Ten aanzien van feit 1

In het ziekenhuis zijn bij [slachtoffer] de volgende verwondingen geconstateerd3:

- twee diepe brandwonden (3e graads) in de beide flanken;

- een brandwond aan de rechterpols;

- aan één kant in de hals blauwe vlekken;

- een snijwond tussen de vingers aan de linkerhand;

- wonden op romp en gezicht;

- vele bloeduitstortingen op het gehele lichaam;

- blauwe ogen, bloeduitstortingen;

- scrotum aan één kant blauw;

- opgezette mond en wangen;

- nierfalen;

- op de onderbenen wonden gelijkend op afdrukken van hakken van een laars, te weten 3 afdrukken rechts en 1 afdruk links, allen tot bloedens toe;

- op het linkerbeen zeker 30 puntjes, lijkend op nietjesindrukken.

Van de verwondingen van [slachtoffer] zijn foto's gemaakt4.

Blijkens het NFI rapport "Letselbeoordeling" van 8 juni 20075 zijn bij [slachtoffer] diverse onderhuidse bloeduitstortingen, oppervlakkige huidbeschadigingen/-perforaties met een onderlinge afstand van circa 1 cm, schaafwonden/crushletsels/ krasvormige huidbeschadigingen en een scherprandige huidklieving geconstateerd. Verder is er letsel door thermische inwerking of contact met etsende stoffen en een nierfunctiestoornis geconstateerd. De oppervlakkige huidbeschadigingen betreffen stipvormige huidbeschadigingen. Gezien het paarsgewijze patroon en de aanwezigheid van een nietje op de röntgenfoto van de borstkas zou dit letsel kunnen passen bij de verklaring van [slachtoffer] dat dit letsel door toedoen van een nietmachine is veroorzaakt. Het tijdelijk karakter van de nierfunctiestoomissen in combinatie met de vele letsels maakt het hoogstwaarschijnlijk dat de nierfunctiestoomissen zijn veroorzaakt door de rhabdomyolyse en derhalve door verschillende vormen van geweldinwerking. De scherprandige huidklieving is zeer waarschijnlijk veroorzaakt door een scherprandig voorwerp.

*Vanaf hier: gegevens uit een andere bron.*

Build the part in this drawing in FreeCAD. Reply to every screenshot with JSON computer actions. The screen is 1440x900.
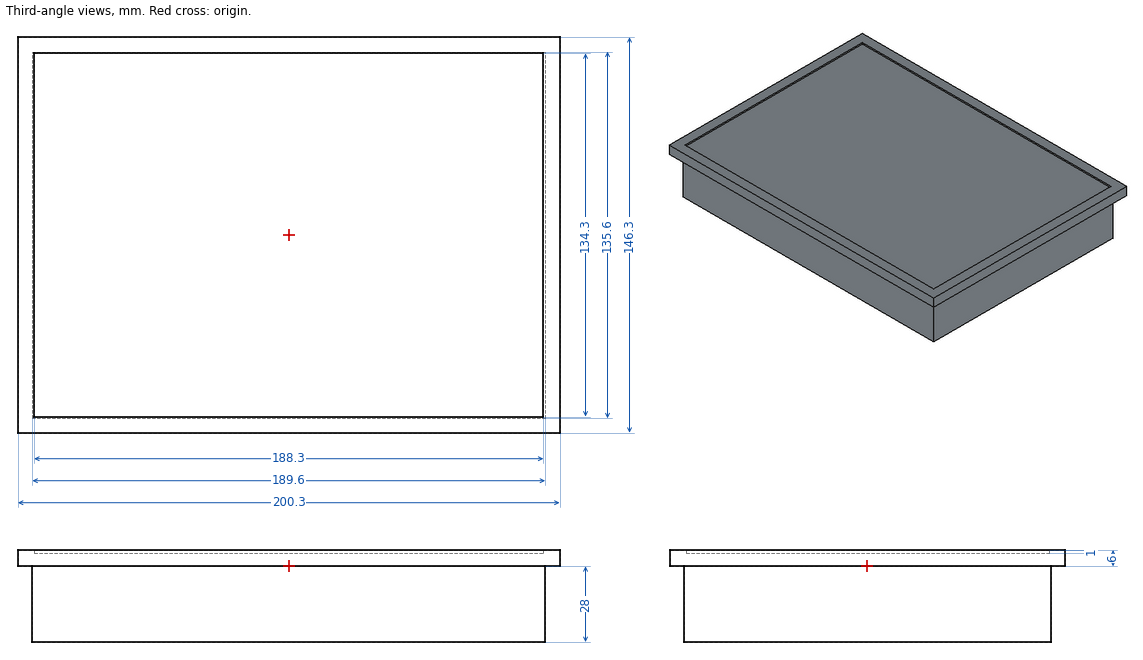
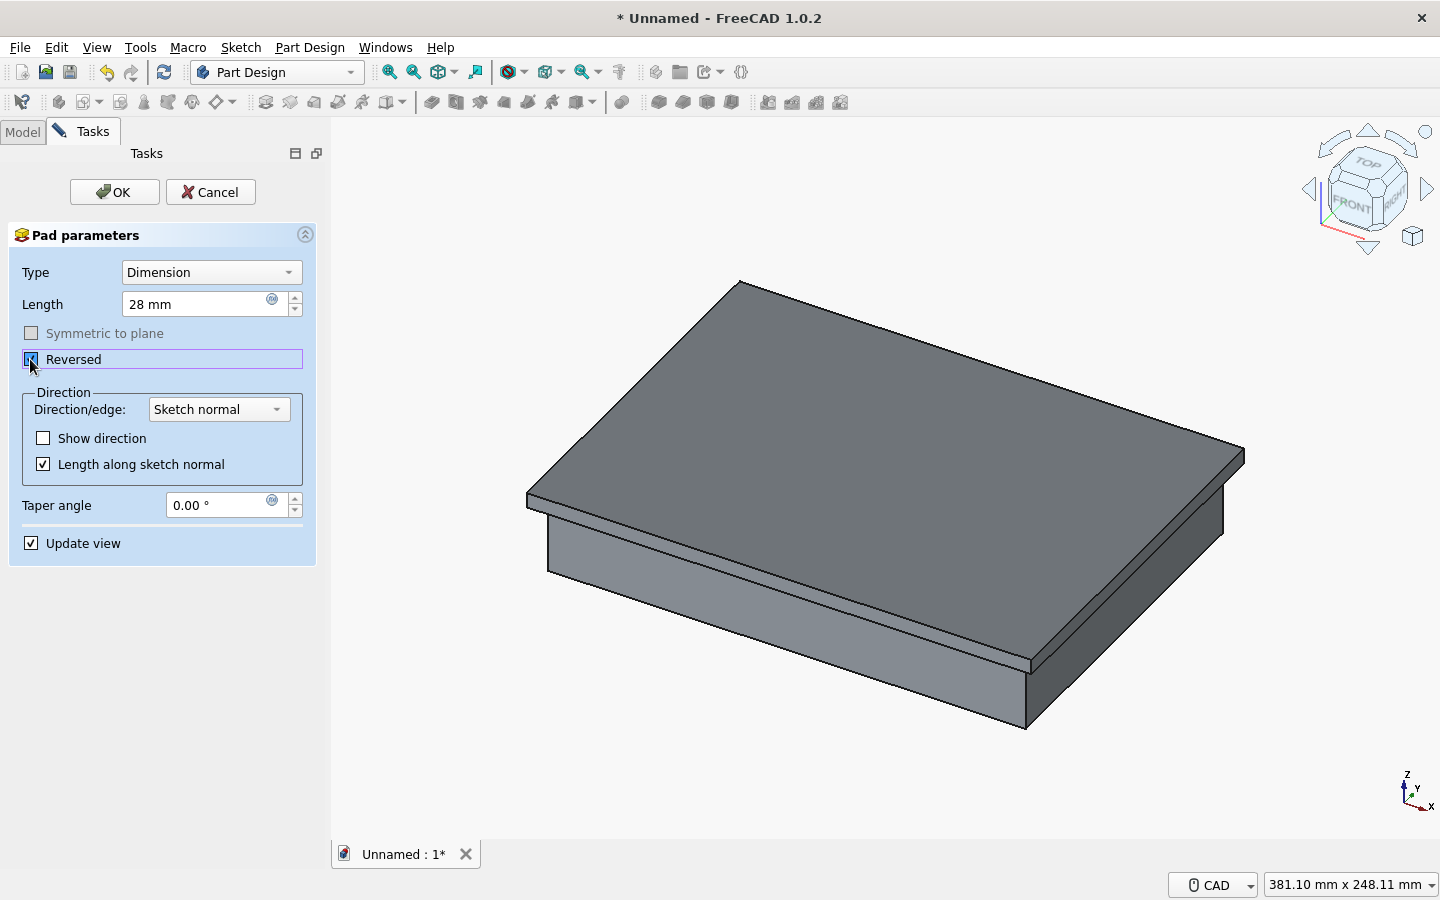
{"action": "left_click", "coordinate": [115, 192]}

[Betrokkene 3] heeft verklaard dat [slachtoffer] in het ziekenhuis aan hem heeft verteld dat hij door [medeverdachte] en de Marokkaan naar Arnhem is gebracht, naar de locatie waar de hennepkwekerij zat en dat ze hem hebben geslagen met bezemstelen en stalen leidingen, gasbuizen6. Ze hebben zijn mond open gedaan en chemicaliën, die in de hennepteelt worden gebruikt, in zijn mond gegoten en over zijn lichaam gegooid. Ook hebben ze hem over zijn hele lichaam bewerkt met een nietmachine en de huid tussen zijn vingers bij zijn linkerhand met een mes ingesneden. Hij is ook door anderen mishandeld. De Marokkaan heet volgens [slachtoffer] [verdachte]. In zijn verhoor bij de rechter-commissaris bevestigt [betrokkene 3] deze verklaring.7

De verbalisanten [verbalisant 1], [verbalisant 2] en [verbalisant 3] relateren dat zij op 3 en 4 april 2007 in een garagebox aan de [b-straat] te Amhem een sporenonderzoek hebben ingesteld. Op de bodem van een met water gevulde waterton troffen zij een schenkkan van een elektrische waterkoker aan. Op het aanrecht stond een onderplaat met elektrische voeding van een waterkoker, die was aangesloten op een wandcontactdoos boven het aanrecht. De schenkkan paste op de onderplaat. Op de rand van de waterton waren op bloed gelijkende vegen zichtbaar, waarvan een monster is veiliggesteld (svo-1371). Naast een doos lagen vier verbogen of geknikte delen van koperen (gas)pijpen, die allen aan één kant door buigen/knikken zijn afgebroken (svo-1351 t/m svo-1354). Bij de verbogen pijpen lag een afgebroken deel van een houten steel (svo-1350).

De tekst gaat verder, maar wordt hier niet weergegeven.